I dont, I have nothing to hide


----------



## Turner (Oct 7, 2005)

you honestly think that they just started doing this in Bush's term? This has been going on for years, it just so happend that some one let the cat out of the bag so to say. There a probably a lot of things that go on in our country behinde closed doors and behinde our backs. A lot of good people go into politics....................


----------



## zogman (Mar 20, 2002)

Heard the results of a poll on the radio today and someting like 64% think it's ok. Must have nothing to hide. What have you Flux (better known as Militant Tiger) got to hide?????????? :eyeroll:


----------



## boondocks (Jan 27, 2006)

Good for them!I wish they would do more.


----------



## Gohon (Feb 14, 2005)

Go into most big electronic stores and the first thing they ask you for at the register is your phone number or zip code. You think that pretty thing behind the counter wants to call you. No it is tracking data. When using most Internet sites they use cookies for tracking data. This very forum uses tracking data each time you log on. Hell give me your address and I'll tell you the color of your patio furniture through Google US. If you want to be bothered about something then be bothered about the idiot that is doing the leaking. He or she is more dangerous to your safety than anything the government is doing.


----------



## Sasha and Abby (May 11, 2004)

T3|-| F7U>< C4P4C41 said:


> http://news.bbc.co.uk/2/hi/americas/4762623.stm
> 
> 
> 
> ...


You are probably one of the same morons that would be *****ing if they did not do it (after another attack). You people amaze me at your stupidity.

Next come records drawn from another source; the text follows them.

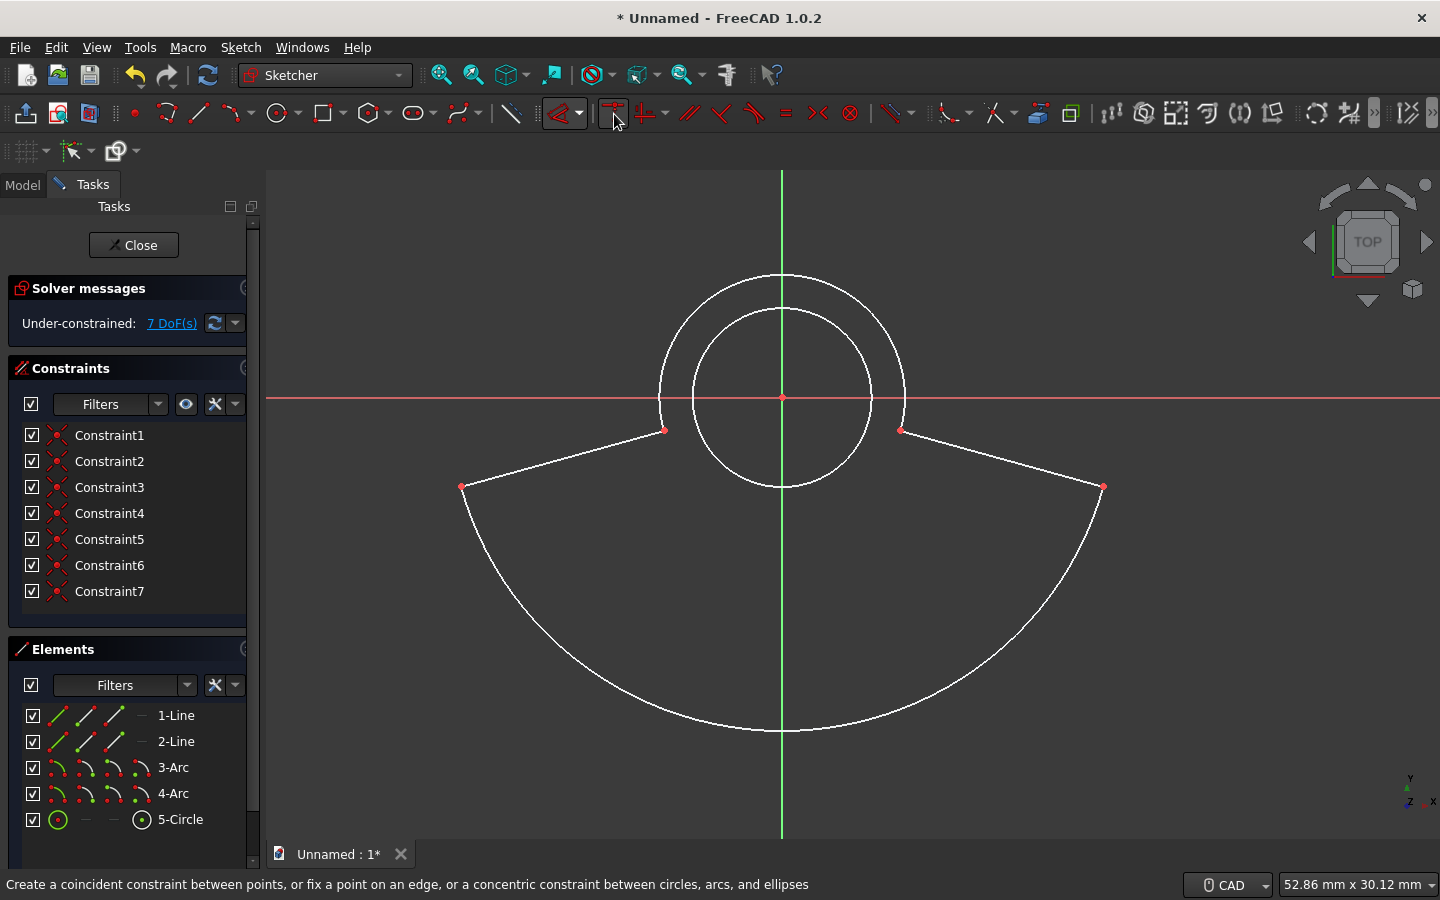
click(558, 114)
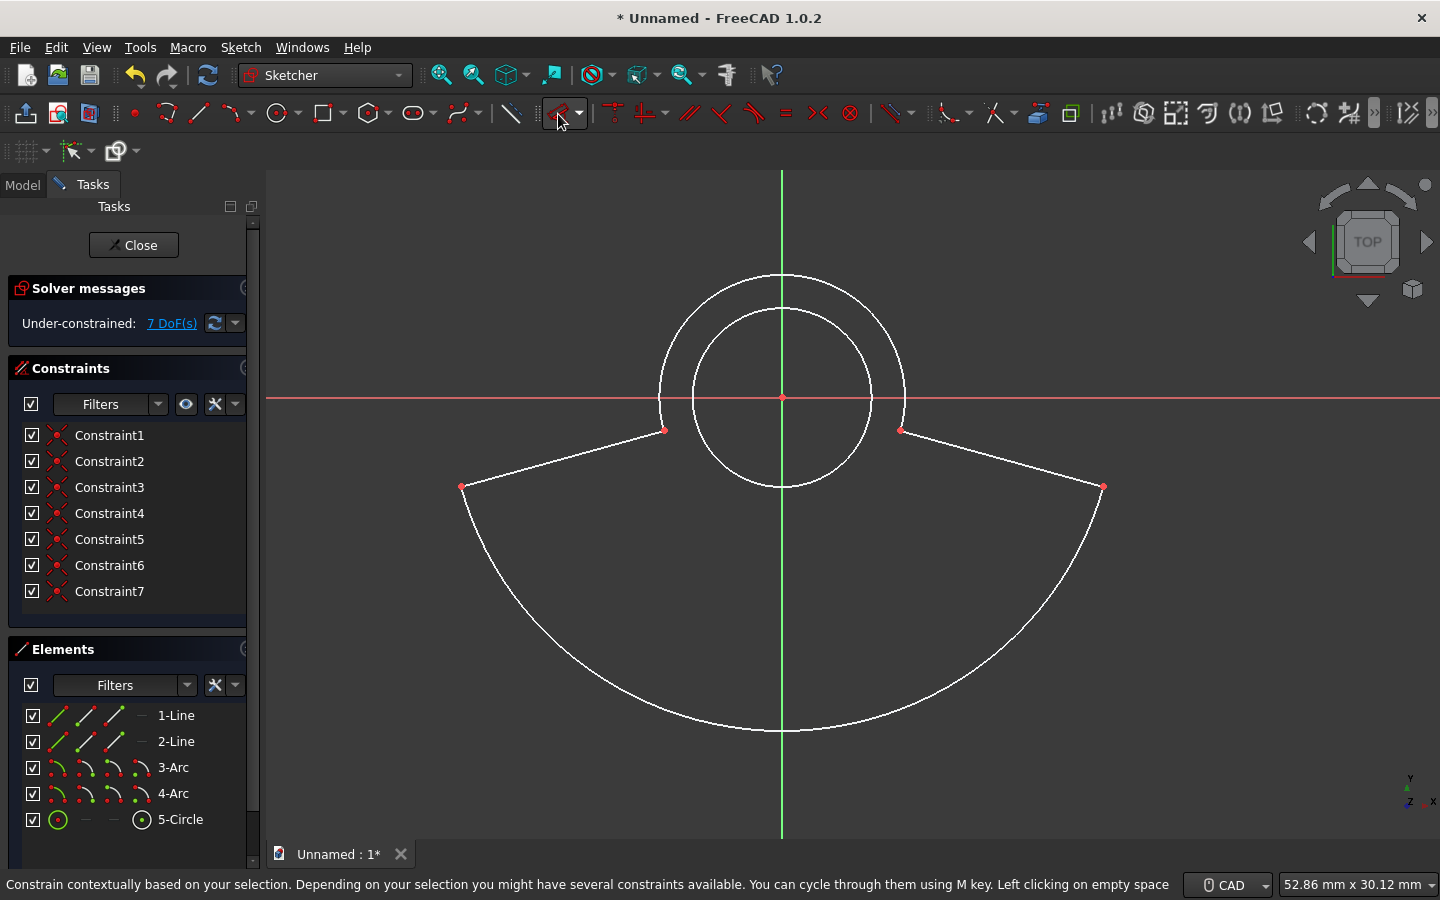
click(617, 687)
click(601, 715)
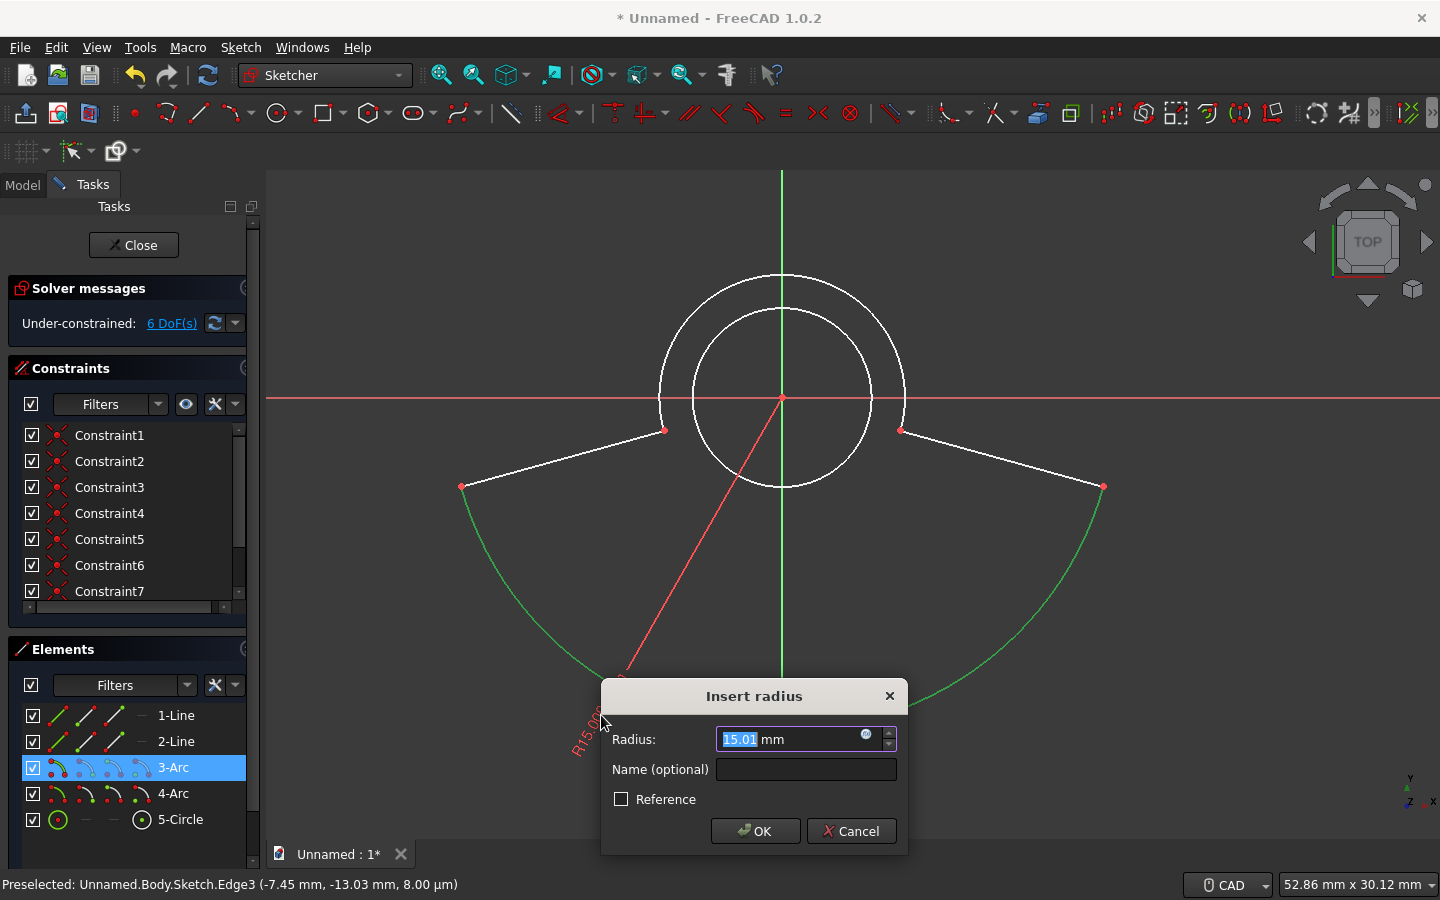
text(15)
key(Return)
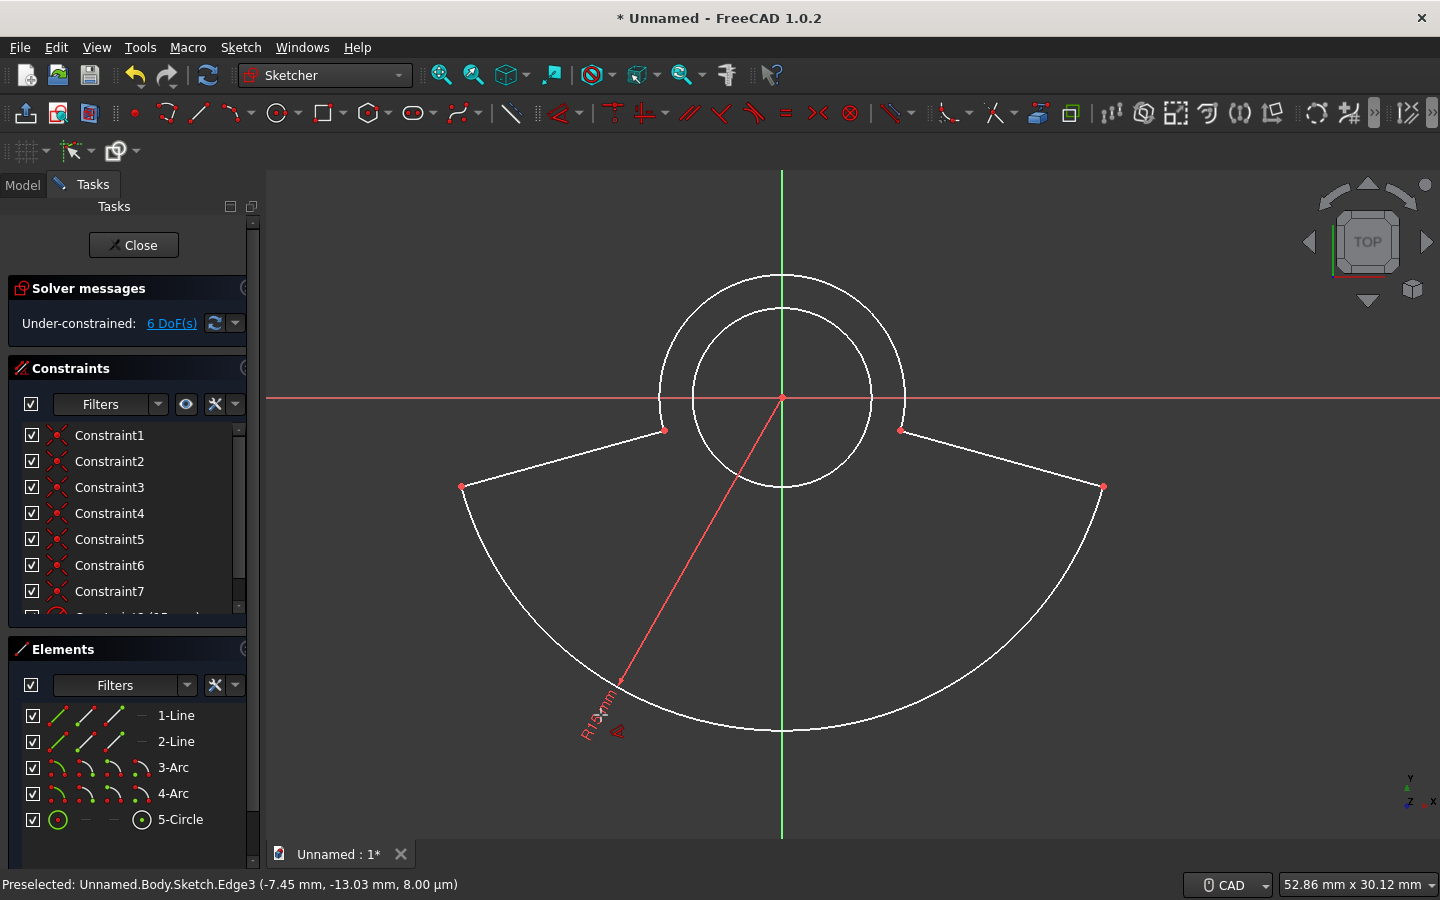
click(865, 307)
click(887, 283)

Do you really think the government has the time or interest to listen to what ever you think is so important in your life. You flatter yourself. :roll:


----------



## Bobm (Aug 26, 2003)

T3 is MT ignore him.


----------



## USSapper (Sep 26, 2005)

Tony Turner said:


> There a probably a lot of things that go on in our country behinde closed doors and behinde our backs. A lot of good people go into politics....................


I just wish more stuff was not made public-Just go ahead and do it. :sniper:


----------



## Alaskan Brown Bear Killer (Feb 22, 2005)

zogman said:


> Heard the results of a poll on the radio today and someting like 64% think it's ok. Must have nothing to hide. What have you Flux* (better known as Militant Tiger)* got to hide?????????? :eyeroll:


We haven't flush that turd down yet; get the plunger out and get rid of him uke: 
Sounds like his old song and he just keeps on singing it


----------



## USSapper (Sep 26, 2005)

ABBK- settle 8) Karma will take its course :lol:


----------